# Unable to place images in Illustrator



## simanion (Feb 13, 2008)

(Illustrator CS2)

Hi, Im still learning the program but this is an error that hasn't occurred before under the same circumstances. I am working on Macs at uni (as I dont have Illustrator at home) and with images from my USB drive. I want to get the images into my ai document and trace them to make a logo, but Illustrator is preventing me from doing this in any way I try.

*** I try to 'place' (file>place...) a jpg from the USB into the ai document and one of three things happens:

1. It appears as though nothing has happened so I 'select all' and this highlights an empty box where my image should be.

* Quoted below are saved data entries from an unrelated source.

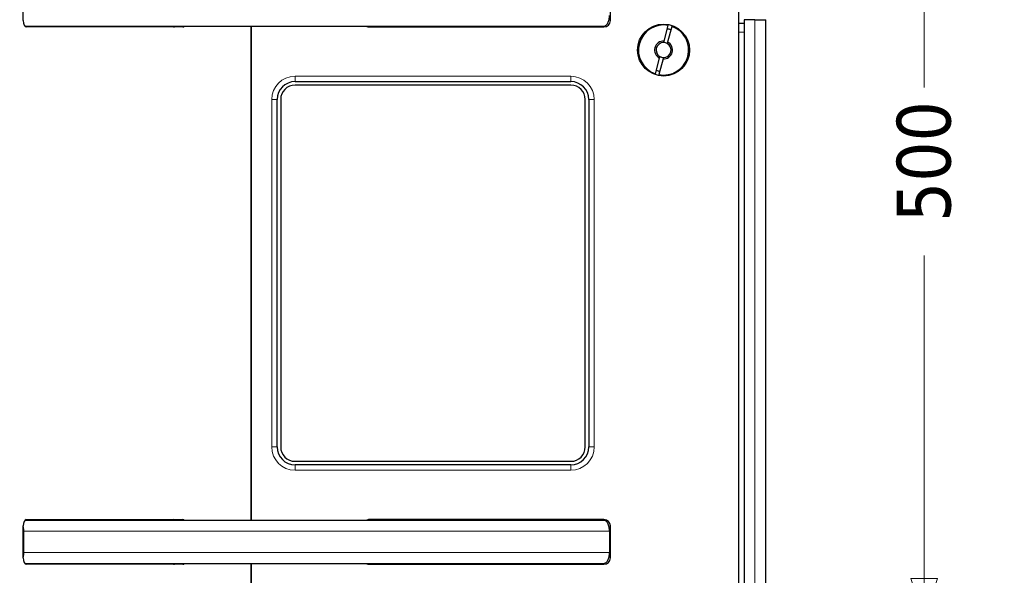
# Model space of a CAD drawing. Header units: millimetres. Extents: x 90 to 4365, y 90 to 3088.
# Tile 19 of 41: x 510 to 1059, y 2201 to 2511. Entities that reach past the tile are written whole.
import ezdxf

# ---------------------------------------------------------------- set-up
doc = ezdxf.new("R2010")
doc.units = ezdxf.units.MM
doc.header["$LTSCALE"] = 15
doc.layers.add('Quota (ISO)', color=7, linetype='Continuous', lineweight=15, true_color=0x008000)
doc.layers.add('Visibile sottile (ISO)', color=9, linetype='Continuous', lineweight=18, true_color=0x808080)
doc.layers.add('Visibile (ISO)', color=7, linetype='Continuous', lineweight=25)
doc.styles.add('Testo nota (ISO)', font='tahoma.ttf')
doc.dimstyles.new('Default (ISO)', dxfattribs={"dimscale": 15, "dimtxt": 2, "dimasz": 1.5, "dimexe": 2, "dimexo": 0.5, "dimgap": 0.5, "dimtad": 1, "dimtoh": 1, "dimrnd": 1e-08, "dimtxsty": 'Testo nota (ISO)', "dimblk": 'Filled-1', "dimcen": 0.09, "dimdle": 10, "dimclrd": 256, "dimclre": 256, "dimclrt": 256, "dimazin": 2, "dimtfac": 0.75, "dimtmove": 0, "dimatfit": 3, "dimfxl": 0, "dimtolj": 1, "dimtzin": 0, "dimlwd": -1, "dimlwe": -1, "dimarcsym": 0})

# ---------------------------------------------------------------- blocks, each defined once
blk = doc.blocks.new('Filled-1')
at = {"color": 0}
for p, q in [((0, 0), (-1, 0.333)), ((-1, 0.333), (-1, -0.333)), ((-1, 0), (0, 0)), ((-1, -0.333), (0, 0))]:
    blk.add_line(p, q, dxfattribs=at)
at = {"color": 0, "flags": 128}
blk.add_lwpolyline([(-1, -0.333), (0, 0), (-1, 0.333), (-1, -0.333)], dxfattribs=at)
at = {"color": 0}
blk.add_solid([(-1, -0.333), (0, 0), (-1, 0.333), (-1, -0.333)], dxfattribs=at)
blk = doc.blocks.new('*D25')
at = {"layer": 'Defpoints', "color": 0, "transparency": 16777216}
for p in [(263.01, 2718.89), (1014.61, 2718.89), (817.46, 2176.75)]:
    blk.add_point(p, dxfattribs=at)
at = {"layer": 'Quota (ISO)', "transparency": 16777216}
for p, q in [((270.51, 2718.89), (1044.61, 2718.89)), ((1014.61, 2696.39), (1014.61, 2473.37)), ((1014.61, 2199.25), (1014.61, 2379.58)), ((824.96, 2176.75), (1044.61, 2176.75))]:
    blk.add_line(p, q, dxfattribs=at)
at = {"layer": 'Quota (ISO)', "transparency": 16777216, "xscale": 22.5, "yscale": 22.5, "zscale": 22.5}
for p, rotation in [((1014.61, 2718.89), 90), ((1014.61, 2176.75), 270)]:
    blk.add_blockref('Filled-1', p, dxfattribs=dict(at, rotation=rotation))
at = {"layer": 'Quota (ISO)', "transparency": 16777216, "insert": (1014.61, 2387.08), "char_height": 30, "attachment_point": 4, "rotation": 90, "style": 'Testo nota (ISO)'}
blk.add_mtext('\\A1; 500', dxfattribs=at)

msp = doc.modelspace()

# ---------------------------------------------------------------- linework, layer by layer
at = {"layer": 'Visibile (ISO)'}
for p, q in [((911.17, 1900.466), (911.17, 2539.03)), ((511.693, 2510.848), (511.693, 2528.648)), ((839.46, 2510.848), (839.46, 2528.648)), ((512.578, 2507.748), (835.946, 2507.748)), ((600.789, 2507.248), (513.493, 2507.248)), ((638.96, 2507.748), (638.96, 2231.748)), ((638.96, 2231.748), (638.96, 2507.748)), ((705.036, 2507.248), (835.86, 2507.248)), ((869.472, 2499.369), (871.818, 2508.126)), ((873.75, 2507.608), (871.404, 2498.852)), ((914.17, 2509.27), (911.17, 2509.27)), ((920.17, 2511.27), (914.17, 2511.27)), ((914.17, 2511.27), (914.17, 1901.27)), ((920.17, 2511.27), (926.17, 2511.27)), ((926.17, 1902.878), (926.17, 2511.27)), ((864.59, 2481.149), (866.936, 2489.905)), ((868.868, 2489.388), (866.522, 2480.631)), ((663.46, 2476.748), (817.46, 2476.748)), ((817.46, 2474.748), (663.46, 2474.748)), ((653.46, 2272.748), (653.46, 2466.748)), ((655.46, 2466.748), (655.46, 2272.748)), ((825.46, 2272.748), (825.46, 2466.748)), ((827.46, 2466.748), (827.46, 2272.748)), ((663.46, 2264.748), (817.46, 2264.748)), ((817.46, 2262.748), (663.46, 2262.748)), ((835.946, 2231.748), (512.578, 2231.748)), ((513.493, 2232.248), (600.789, 2232.248)), ((835.86, 2232.248), (705.036, 2232.248)), ((511.693, 2210.848), (511.693, 2228.648)), ((511.943, 2225.748), (511.943, 2213.748)), ((838.96, 2225.748), (838.96, 2213.748)), ((839.46, 2210.848), (839.46, 2228.648)), ((512.578, 2207.748), (835.946, 2207.748)), ((600.789, 2207.248), (513.493, 2207.248)), ((638.96, 2207.748), (638.96, 1931.748)), ((638.96, 1931.748), (638.96, 2207.748)), ((705.036, 2207.248), (835.86, 2207.248))]:
    msp.add_line(p, q, dxfattribs=at)
msp.add_circle((869.17, 2494.379), 14.5, dxfattribs=at)
for centre, radius, start, end in [((705.036, 2510.848), 3.6, 239.44157, 270), ((835.86, 2510.848), 3.6, 270, 0), ((869.17, 2494.379), 14, 79.09604, 250.90396), ((869.17, 2494.379), 14, 259.09604, 70.90396), ((869.17, 2494.379), 12, 70.21981, 79.78019), ((869.17, 2494.379), 5, 86.53696, 243.46304), ((869.17, 2494.379), 4.188, 88.8144, 241.1856), ((869.17, 2494.379), 5, 266.53696, 63.46304), ((869.17, 2494.379), 4.188, 268.8144, 61.1856), ((869.17, 2494.379), 4.188, 61.1856, 88.8144), ((869.17, 2494.379), 4.188, 241.1856, 268.8144), ((869.17, 2494.379), 12, 250.21981, 259.78019), ((663.46, 2466.748), 10, 90, 180), ((663.46, 2466.748), 8, 90, 180), ((817.46, 2466.748), 10, 0, 90), ((817.46, 2466.748), 8, 0, 90), ((663.46, 2272.748), 10, 180, 270), ((663.46, 2272.748), 8, 180, 270), ((817.46, 2272.748), 8, 270, 0), ((817.46, 2272.748), 10, 270, 0), ((705.036, 2228.648), 3.6, 90, 120.55843), ((835.86, 2228.648), 3.6, 0, 90), ((835.86, 2210.848), 3.6, 270, 0), ((705.036, 2210.848), 3.6, 239.44157, 270)]:
    msp.add_arc(centre, radius, start, end, dxfattribs=at)
for centre, major_axis, start_param, end_param in [((513.493, 2510.848), (0, -3.6), 4.712389, 6.2831853), ((595.593, 2510.848), (0, -3.6), 0, 0.5333452), ((600.789, 2510.848), (0, -3.6), 0, 0.5333452), ((513.493, 2228.648), (0, 3.6), 0, 1.5707963), ((595.593, 2228.648), (0, 3.6), 5.7498401, 6.2831853), ((600.789, 2228.648), (0, 3.6), 5.7498401, 6.2831853), ((513.493, 2210.848), (0, -3.6), 4.712389, 6.2831853), ((595.593, 2210.848), (0, -3.6), 0, 0.5333452), ((600.789, 2210.848), (0, -3.6), 0, 0.5333452)]:
    msp.add_ellipse(centre, major_axis=major_axis, ratio=0.5, start_param=start_param, end_param=end_param, dxfattribs=at)
for points, knots in [([(835.946, 2507.748), (836.133, 2507.748), (836.336, 2507.785), (836.735, 2507.943), (836.93, 2508.064), (837.273, 2508.348), (837.454, 2508.537), (837.791, 2508.986), (837.948, 2509.247), (838.211, 2509.771), (838.341, 2510.082), (838.566, 2510.754), (838.661, 2511.113), (838.803, 2511.797), (838.863, 2512.184), (838.942, 2512.975), (838.96, 2513.378), (838.96, 2513.748)], [0.89062029, 0.89062029, 0.89062029, 0.89062029, 1.00237039, 1.00237039, 1.1141205, 1.1141205, 1.22560996, 1.22560996, 1.33709942, 1.33709942, 1.44827099, 1.44827099, 1.55944256, 1.55944256, 1.67035031, 1.67035031, 1.78125806, 1.78125806, 1.78125806, 1.78125806]), ([(838.96, 2225.748), (838.96, 2226.118), (838.942, 2226.521), (838.863, 2227.312), (838.803, 2227.699), (838.661, 2228.382), (838.566, 2228.742), (838.341, 2229.413), (838.211, 2229.725), (837.948, 2230.249), (837.791, 2230.51), (837.454, 2230.959), (837.273, 2231.148), (836.93, 2231.432), (836.735, 2231.553), (836.336, 2231.711), (836.133, 2231.748), (835.946, 2231.748)], [1.78125806, 1.78125806, 1.78125806, 1.78125806, 1.89216581, 1.89216581, 2.00307356, 2.00307356, 2.11424513, 2.11424513, 2.2254167, 2.2254167, 2.33690616, 2.33690616, 2.44839562, 2.44839562, 2.56014572, 2.56014572, 2.67189583, 2.67189583, 2.67189583, 2.67189583]), ([(511.693, 2228.114), (511.7, 2228.083), (511.707, 2228.052), (511.785, 2227.683), (511.845, 2227.3), (511.925, 2226.516), (511.943, 2226.115), (511.943, 2225.748)], [1.57155368, 1.57155368, 1.57155368, 1.57155368, 1.58158368, 1.58158368, 1.69168334, 1.69168334, 1.801783, 1.801783, 1.801783, 1.801783]), ([(511.943, 2213.748), (511.943, 2213.381), (511.925, 2212.98), (511.845, 2212.196), (511.785, 2211.813), (511.707, 2211.443), (511.7, 2211.412), (511.693, 2211.381)], [1.801783, 1.801783, 1.801783, 1.801783, 1.91188265, 1.91188265, 2.02198231, 2.02198231, 2.03201231, 2.03201231, 2.03201231, 2.03201231]), ([(835.946, 2207.748), (836.133, 2207.748), (836.336, 2207.785), (836.735, 2207.943), (836.93, 2208.064), (837.273, 2208.348), (837.454, 2208.537), (837.791, 2208.986), (837.948, 2209.247), (838.211, 2209.771), (838.341, 2210.082), (838.566, 2210.754), (838.661, 2211.113), (838.803, 2211.797), (838.863, 2212.184), (838.942, 2212.975), (838.96, 2213.378), (838.96, 2213.748)], [0.89062029, 0.89062029, 0.89062029, 0.89062029, 1.00237039, 1.00237039, 1.1141205, 1.1141205, 1.22560996, 1.22560996, 1.33709942, 1.33709942, 1.44827099, 1.44827099, 1.55944256, 1.55944256, 1.67035031, 1.67035031, 1.78125806, 1.78125806, 1.78125806, 1.78125806])]:
    msp.add_open_spline(points, degree=3, knots=knots, dxfattribs=at)
for points, weights in [([(869.256, 2498.566), (869.355, 2498.932), (869.472, 2499.369)], [1, 1.00412650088, 1]), ([(871.404, 2498.852), (871.286, 2498.414), (871.188, 2498.048)], [1, 1.00412650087, 1]), ([(866.936, 2489.905), (867.053, 2490.343), (867.151, 2490.709)], [1, 1.00412650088, 1]), ([(869.083, 2490.191), (868.985, 2489.825), (868.868, 2489.388)], [1, 1.00412650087, 1])]:
    msp.add_rational_spline(points, weights, degree=2, dxfattribs=at)
at = {"layer": 'Visibile sottile (ISO)'}
for p, q in [((920.17, 2511.27), (920.17, 1902.878)), ((914.17, 2504.27), (911.17, 2504.27)), ((817.46, 2479.748), (663.46, 2479.748)), ((663.46, 2476.748), (663.46, 2479.748)), ((817.46, 2479.748), (817.46, 2476.748)), ((650.46, 2466.748), (650.46, 2272.748)), ((650.46, 2466.748), (653.46, 2466.748)), ((830.46, 2466.748), (827.46, 2466.748)), ((830.46, 2272.748), (830.46, 2466.748)), ((650.46, 2272.748), (653.46, 2272.748)), ((830.46, 2272.748), (827.46, 2272.748)), ((663.46, 2259.748), (663.46, 2262.748)), ((663.46, 2259.748), (817.46, 2259.748)), ((817.46, 2259.748), (817.46, 2262.748)), ((511.943, 2225.748), (838.96, 2225.748)), ((838.96, 2213.748), (511.943, 2213.748))]:
    msp.add_line(p, q, dxfattribs=at)
for centre, start, end in [((663.46, 2466.748), 90, 180), ((817.46, 2466.748), 0, 90), ((663.46, 2272.748), 180, 270), ((817.46, 2272.748), 270, 0)]:
    msp.add_arc(centre, 13, start, end, dxfattribs=at)

# ---------------------------------------------------------------- dimensions: what is measured, and where the dimension line sits
at = {"layer": 'Quota (ISO)'}
dim = msp.add_linear_dim(base=(1014.613, 2718.892), p1=(817.46, 2176.748), p2=(263.007, 2718.892), angle=90, text=' 500', dimstyle='Default (ISO)', override={"dimgap": 0.5, "dimtad": 0, "dimtoh": 0, "dimdec": 2, "dimtol": 0, "dimlim": 0, "dimtp": 0, "dimtm": 0, "dimtdec": 2, "dimtofl": 0, "dimatfit": 1}, dxfattribs=at)
dim.commit()
dim.dimension.update_dxf_attribs({"geometry": '*D25', "text_midpoint": (1014.613, 2426.475), "dimtype": 160})

doc.saveas('drawing.dxf')

This always happens on the first try after I open the document.

2. I delete the box and try again. This time not even the invisible box is placed. The computer processes and then acts as if I commanded it to do nothing.

3. Irregularly, if I try again it seems like it's about to happen (with a preview showing and asking me to approve) and then I get the message "the operation cannot complete because of an unknown error".


*** I tried opening  the jpg in Photoshop and copying and pasting from there and got the same "unknown error" message, followed by the empty invisible box.

*** The images place in photoshop with no problem.

*** The images cant be dragged and dropped into Illustrator.

*** I tried opening the image with Illustrator and get the message "insufficient memory was available to complete the operation". The image is only small - less than 1MB.

*** I tried changing the file to a tiff and a pdf. I tried uploading the jpg to internet and saving and placing from there but this is unsuccessful. I tried other images saved both from my computer and the uni computer and they dont work.

** SOMETHING WORKS:* I tried with random images from the internet and _some_ (usually around 4kb) saved to Documents and placed are done so successfully. But this is no use to me.

I have done this in the past and there have been no problems placing or pasting images whatsoever. I dont think uninstalling is really an option as they are the uni's computers and that would probably be an ordeal.. I really need this to be fixed quickly as I have no other access to Illustrator and it's part of a job. It happens with all the computers in the lab. I cant even start making the logo until this is overcome. I would _really_ appreciate some help! your ideas on what the problem could be and what needs to be done to fix it. 

Thanks for your time,
Simon.


----------



## Natobasso (Feb 14, 2008)

Are your jpg images saved as RGB or CMYK? They should be RGB.

Your other options are repair permissions and trash the preference files, in that order. To trash, search for Illustrator and move the .pref and .plist files you find to the trash. Restart Illustrator.

I really think it's a problem with your images.


----------



## simanion (Feb 14, 2008)

Thankyou for your suggestions Natobasso.

I have tried them as both RGB and CMYK. 

I thought it was my images as well, or maybe just things from my USB. But I tried it with images that were completely independent of my home computer and the USB and the same problem occurred. I find it very strange that the very small images can be placed properly.


----------



## Natobasso (Feb 14, 2008)

Have you tried loading the images directly to the computer hard drive rather than the USB? I think that drive might be part of the problem.

Make sure your jpgs are RGB and 72dpi. Size them as you prefer.


----------



## simanion (Feb 14, 2008)

I'm not sure if i know what you mean, but if you mean have i tried saving the images to places apart from the USB (documents, desktop etc) then yes I have.

I might try using a different USB next time as well, to see if that makes a difference. But I think the problem lies with Illustrator, like a setting has been changed or something, or there is a nasty glitch.


----------



## Natobasso (Feb 14, 2008)

Get info on one of the photo files to check permissions. Open the Read/Writes and see if you have rights to the image. If not, reset the file to be unlocked, and set to Read/Write for everything except Other.


----------



## TaradactylXO (Apr 23, 2019)

Natobasso said:


> Have you tried loading the images directly to the computer hard drive rather than the USB? I think that drive might be part of the problem.
> 
> Make sure your jpgs are RGB and 72dpi. Size them as you prefer.



For anyone still experiencing this, using a USB could definitely be a part of the problem. That's where the "insufficient memory was available to complete the operation" message is most likely coming from. Check to see if you have enough disk space on your drive. You can save space by compressing your files or by zipping them up.


----------



## Cheryl (Apr 23, 2019)

TaradactylXO said:


> For anyone still experiencing this, using a USB could definitely be a part of the problem. That's where the "insufficient memory was available to complete the operation" message is most likely coming from. Check to see if you have enough disk space on your drive. You can save space by compressing your files or by zipping them up.


Trouble is you would need to uncompress in order to use them. 

Keep in mind the OP posted this *11 years ago*.


----------